* Assignment
When you copy the data, keep every word exactly as it is and leave the pictures out.

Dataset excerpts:
★ ★ ★ ★ ★ ★ ★

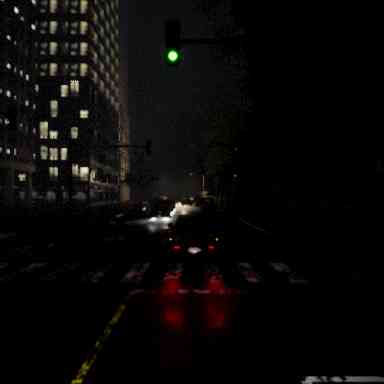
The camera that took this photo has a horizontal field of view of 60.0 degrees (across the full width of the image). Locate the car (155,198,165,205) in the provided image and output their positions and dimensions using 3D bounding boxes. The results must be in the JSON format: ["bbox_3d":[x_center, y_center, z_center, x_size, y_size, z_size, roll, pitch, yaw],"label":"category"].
[{"bbox_3d":[-6.901,2.038,72.473,1.887,1.381,4.507,0,0,-2],"label":"car"}]

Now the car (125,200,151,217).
[{"bbox_3d":[-5.645,1.789,33.666,2.008,1.369,4.403,0,0,-1],"label":"car"}]

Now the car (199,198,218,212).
[{"bbox_3d":[2.116,1.803,39.719,1.752,1.417,4.829,0,0,-1],"label":"car"}]

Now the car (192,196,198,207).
[{"bbox_3d":[1.509,1.949,61.888,1.752,1.417,4.829,0,0,-2],"label":"car"}]

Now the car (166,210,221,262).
[{"bbox_3d":[0.046,1.611,12.427,1.812,1.442,4.674,0,0,0],"label":"car"}]

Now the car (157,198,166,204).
[{"bbox_3d":[-7.126,2.109,78.018,1.802,1.307,4.206,0,0,-2],"label":"car"}]

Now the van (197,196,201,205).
[{"bbox_3d":[1.991,1.655,45.094,1.690,1.788,3.998,0,0,-1],"label":"van"}]

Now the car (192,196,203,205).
[{"bbox_3d":[1.116,1.808,72.810,2.192,1.841,5.009,0,0,-2],"label":"car"}]

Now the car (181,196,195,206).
[{"bbox_3d":[-1.000,1.909,62.944,1.882,1.535,5.008,0,0,-2],"label":"car"}]

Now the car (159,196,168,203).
[{"bbox_3d":[-7.620,1.911,89.103,2.192,1.841,5.009,0,0,-3],"label":"car"}]

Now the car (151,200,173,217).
[{"bbox_3d":[-3.216,1.806,34.317,1.994,1.385,4.181,0,0,-3],"label":"car"}]

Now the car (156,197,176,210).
[{"bbox_3d":[-3.409,1.815,44.353,1.837,1.490,4.892,0,0,-1],"label":"car"}]

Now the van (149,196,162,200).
[{"bbox_3d":[-6.330,1.728,55.842,1.690,1.788,3.998,0,0,-2],"label":"van"}]

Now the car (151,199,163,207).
[{"bbox_3d":[-6.504,1.967,61.384,1.887,1.381,4.507,0,0,-2],"label":"car"}]

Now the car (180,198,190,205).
[{"bbox_3d":[-1.537,2.033,74.991,2.128,1.511,4.902,0,0,-2],"label":"car"}]

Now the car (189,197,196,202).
[{"bbox_3d":[0.118,2.155,95.147,1.752,1.417,4.829,0,0,-3],"label":"car"}]
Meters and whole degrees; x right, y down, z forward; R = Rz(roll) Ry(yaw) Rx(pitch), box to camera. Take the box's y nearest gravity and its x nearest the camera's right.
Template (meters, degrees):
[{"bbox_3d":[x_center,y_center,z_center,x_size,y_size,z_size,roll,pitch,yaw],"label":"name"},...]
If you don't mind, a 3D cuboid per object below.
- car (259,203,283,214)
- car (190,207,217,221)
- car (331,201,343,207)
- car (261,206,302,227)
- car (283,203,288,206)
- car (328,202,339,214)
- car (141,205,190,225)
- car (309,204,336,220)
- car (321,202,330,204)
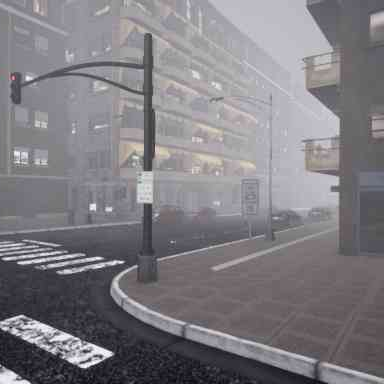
[{"bbox_3d":[10.569,2.326,46.170,1.887,1.381,4.507,-1,-1,35],"label":"car"},{"bbox_3d":[0.863,2.063,32.185,1.802,1.307,4.206,-1,-1,35],"label":"car"},{"bbox_3d":[36.428,3.021,83.483,1.967,1.590,4.097,-1,-1,35],"label":"car"},{"bbox_3d":[7.692,2.095,27.444,1.947,1.339,4.313,-1,-2,35],"label":"car"},{"bbox_3d":[13.708,2.404,50.692,1.752,1.417,4.829,-1,-1,35],"label":"car"},{"bbox_3d":[20.732,2.458,46.231,1.752,1.417,4.829,-1,-2,35],"label":"car"},{"bbox_3d":[-2.372,1.820,27.527,1.967,1.590,4.097,-1,-1,35],"label":"car"},{"bbox_3d":[14.164,2.295,36.767,1.947,1.339,4.313,-1,-2,35],"label":"car"},{"bbox_3d":[19.502,2.545,48.921,1.895,1.301,4.718,0,-1,35],"label":"car"}]
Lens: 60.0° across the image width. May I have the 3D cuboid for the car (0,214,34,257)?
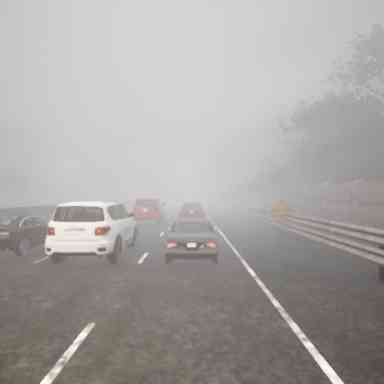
[{"bbox_3d":[-6.986,1.634,13.518,2.128,1.511,4.902,0,0,0],"label":"car"}]

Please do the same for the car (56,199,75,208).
[{"bbox_3d":[-24.524,2.208,64.552,1.882,1.535,5.008,0,-1,0],"label":"car"}]

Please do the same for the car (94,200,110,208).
[{"bbox_3d":[-17.527,2.331,64.763,1.895,1.301,4.718,0,-1,0],"label":"car"}]

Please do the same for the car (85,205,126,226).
[{"bbox_3d":[-7.002,1.841,27.544,2.033,1.411,5.357,0,-1,0],"label":"car"}]

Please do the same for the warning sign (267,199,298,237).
[{"bbox_3d":[4.543,1.290,16.811,1.300,1.860,1.060,0,-1,0],"label":"warning sign"}]

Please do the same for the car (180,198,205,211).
[{"bbox_3d":[0.008,1.655,28.442,2.097,1.767,4.553,0,-1,0],"label":"car"}]

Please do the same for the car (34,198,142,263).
[{"bbox_3d":[-3.496,1.356,12.595,2.150,2.045,5.566,0,0,0],"label":"car"}]

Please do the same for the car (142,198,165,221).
[{"bbox_3d":[-3.502,1.518,27.575,2.150,2.045,5.566,0,0,0],"label":"car"}]

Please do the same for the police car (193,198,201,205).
[{"bbox_3d":[1.193,2.435,86.912,1.930,1.638,5.238,0,-1,0],"label":"police car"}]

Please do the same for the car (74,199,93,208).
[{"bbox_3d":[-21.025,2.209,64.631,1.882,1.535,5.008,0,0,0],"label":"car"}]

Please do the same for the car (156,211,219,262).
[{"bbox_3d":[0.003,1.678,12.555,2.033,1.411,5.357,0,-1,0],"label":"car"}]
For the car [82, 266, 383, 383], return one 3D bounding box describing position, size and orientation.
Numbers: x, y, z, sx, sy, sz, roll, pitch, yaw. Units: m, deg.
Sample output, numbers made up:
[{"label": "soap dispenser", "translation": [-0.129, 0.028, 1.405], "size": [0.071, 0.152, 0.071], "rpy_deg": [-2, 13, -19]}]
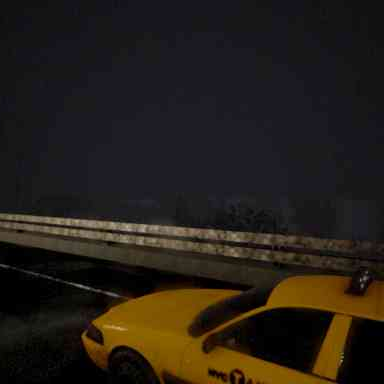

★ ★ ★ ★ ★ ★ ★

* Solved problem
The camera that took this photo has a horizontal field of view of 60.0 degrees (across the full width of the image). Locate the car (155,198,165,205) in the provided image and output their positions and dimensions using 3D bounding boxes. The results must be in the JSON format: ["bbox_3d":[x_center, y_center, z_center, x_size, y_size, z_size, roll, pitch, yaw],"label":"category"].
[{"bbox_3d":[-6.901,2.038,72.473,1.887,1.381,4.507,0,0,-2],"label":"car"}]

Now the car (125,200,151,217).
[{"bbox_3d":[-5.645,1.789,33.666,2.008,1.369,4.403,0,0,-1],"label":"car"}]

Now the car (199,198,218,212).
[{"bbox_3d":[2.116,1.803,39.719,1.752,1.417,4.829,0,0,-1],"label":"car"}]

Now the car (192,196,198,207).
[{"bbox_3d":[1.509,1.949,61.888,1.752,1.417,4.829,0,0,-2],"label":"car"}]

Now the car (166,210,221,262).
[{"bbox_3d":[0.046,1.611,12.427,1.812,1.442,4.674,0,0,0],"label":"car"}]

Now the car (157,198,166,204).
[{"bbox_3d":[-7.126,2.109,78.018,1.802,1.307,4.206,0,0,-2],"label":"car"}]

Now the van (197,196,201,205).
[{"bbox_3d":[1.991,1.655,45.094,1.690,1.788,3.998,0,0,-1],"label":"van"}]

Now the car (192,196,203,205).
[{"bbox_3d":[1.116,1.808,72.810,2.192,1.841,5.009,0,0,-2],"label":"car"}]

Now the car (181,196,195,206).
[{"bbox_3d":[-1.000,1.909,62.944,1.882,1.535,5.008,0,0,-2],"label":"car"}]

Now the car (159,196,168,203).
[{"bbox_3d":[-7.620,1.911,89.103,2.192,1.841,5.009,0,0,-3],"label":"car"}]

Now the car (151,200,173,217).
[{"bbox_3d":[-3.216,1.806,34.317,1.994,1.385,4.181,0,0,-3],"label":"car"}]

Now the car (156,197,176,210).
[{"bbox_3d":[-3.409,1.815,44.353,1.837,1.490,4.892,0,0,-1],"label":"car"}]

Now the van (149,196,162,200).
[{"bbox_3d":[-6.330,1.728,55.842,1.690,1.788,3.998,0,0,-2],"label":"van"}]

Now the car (151,199,163,207).
[{"bbox_3d":[-6.504,1.967,61.384,1.887,1.381,4.507,0,0,-2],"label":"car"}]

Now the car (180,198,190,205).
[{"bbox_3d":[-1.537,2.033,74.991,2.128,1.511,4.902,0,0,-2],"label":"car"}]

Now the car (189,197,196,202).
[{"bbox_3d":[0.118,2.155,95.147,1.752,1.417,4.829,0,0,-3],"label":"car"}]
Meters and whole degrees; x right, y down, z forward; R = Rz(roll) Ry(yaw) Rx(pitch), box to camera. Take the box's y nearest gravity and its x nearest the camera's right.
Template (meters, degrees):
[{"bbox_3d":[x_center,y_center,z_center,x_size,y_size,z_size,roll,pitch,yaw],"label":"name"},...]
If you don't mind, a 3D cuboid per object below.
- car (259,203,283,214)
- car (190,207,217,221)
- car (331,201,343,207)
- car (261,206,302,227)
- car (283,203,288,206)
- car (328,202,339,214)
- car (141,205,190,225)
- car (309,204,336,220)
- car (321,202,330,204)
[{"bbox_3d":[10.569,2.326,46.170,1.887,1.381,4.507,-1,-1,35],"label":"car"},{"bbox_3d":[0.863,2.063,32.185,1.802,1.307,4.206,-1,-1,35],"label":"car"},{"bbox_3d":[36.428,3.021,83.483,1.967,1.590,4.097,-1,-1,35],"label":"car"},{"bbox_3d":[7.692,2.095,27.444,1.947,1.339,4.313,-1,-2,35],"label":"car"},{"bbox_3d":[13.708,2.404,50.692,1.752,1.417,4.829,-1,-1,35],"label":"car"},{"bbox_3d":[20.732,2.458,46.231,1.752,1.417,4.829,-1,-2,35],"label":"car"},{"bbox_3d":[-2.372,1.820,27.527,1.967,1.590,4.097,-1,-1,35],"label":"car"},{"bbox_3d":[14.164,2.295,36.767,1.947,1.339,4.313,-1,-2,35],"label":"car"},{"bbox_3d":[19.502,2.545,48.921,1.895,1.301,4.718,0,-1,35],"label":"car"}]
Lens: 60.0° across the image width. May I have the 3D cuboid for the car (0,214,34,257)?
[{"bbox_3d":[-6.986,1.634,13.518,2.128,1.511,4.902,0,0,0],"label":"car"}]

Please do the same for the car (56,199,75,208).
[{"bbox_3d":[-24.524,2.208,64.552,1.882,1.535,5.008,0,-1,0],"label":"car"}]

Please do the same for the car (94,200,110,208).
[{"bbox_3d":[-17.527,2.331,64.763,1.895,1.301,4.718,0,-1,0],"label":"car"}]

Please do the same for the car (85,205,126,226).
[{"bbox_3d":[-7.002,1.841,27.544,2.033,1.411,5.357,0,-1,0],"label":"car"}]

Please do the same for the warning sign (267,199,298,237).
[{"bbox_3d":[4.543,1.290,16.811,1.300,1.860,1.060,0,-1,0],"label":"warning sign"}]

Please do the same for the car (180,198,205,211).
[{"bbox_3d":[0.008,1.655,28.442,2.097,1.767,4.553,0,-1,0],"label":"car"}]

Please do the same for the car (34,198,142,263).
[{"bbox_3d":[-3.496,1.356,12.595,2.150,2.045,5.566,0,0,0],"label":"car"}]

Please do the same for the car (142,198,165,221).
[{"bbox_3d":[-3.502,1.518,27.575,2.150,2.045,5.566,0,0,0],"label":"car"}]

Please do the same for the police car (193,198,201,205).
[{"bbox_3d":[1.193,2.435,86.912,1.930,1.638,5.238,0,-1,0],"label":"police car"}]

Please do the same for the car (74,199,93,208).
[{"bbox_3d":[-21.025,2.209,64.631,1.882,1.535,5.008,0,0,0],"label":"car"}]

Please do the same for the car (156,211,219,262).
[{"bbox_3d":[0.003,1.678,12.555,2.033,1.411,5.357,0,-1,0],"label":"car"}]
For the car [82, 266, 383, 383], return one 3D bounding box describing position, size and orientation.
Numbers: x, y, z, sx, sy, sz, roll, pitch, yaw. Units: m, deg.
Sample output, numbers made up:
[{"label": "soap dispenser", "translation": [-0.129, 0.028, 1.405], "size": [0.071, 0.152, 0.071], "rpy_deg": [-2, 13, -19]}]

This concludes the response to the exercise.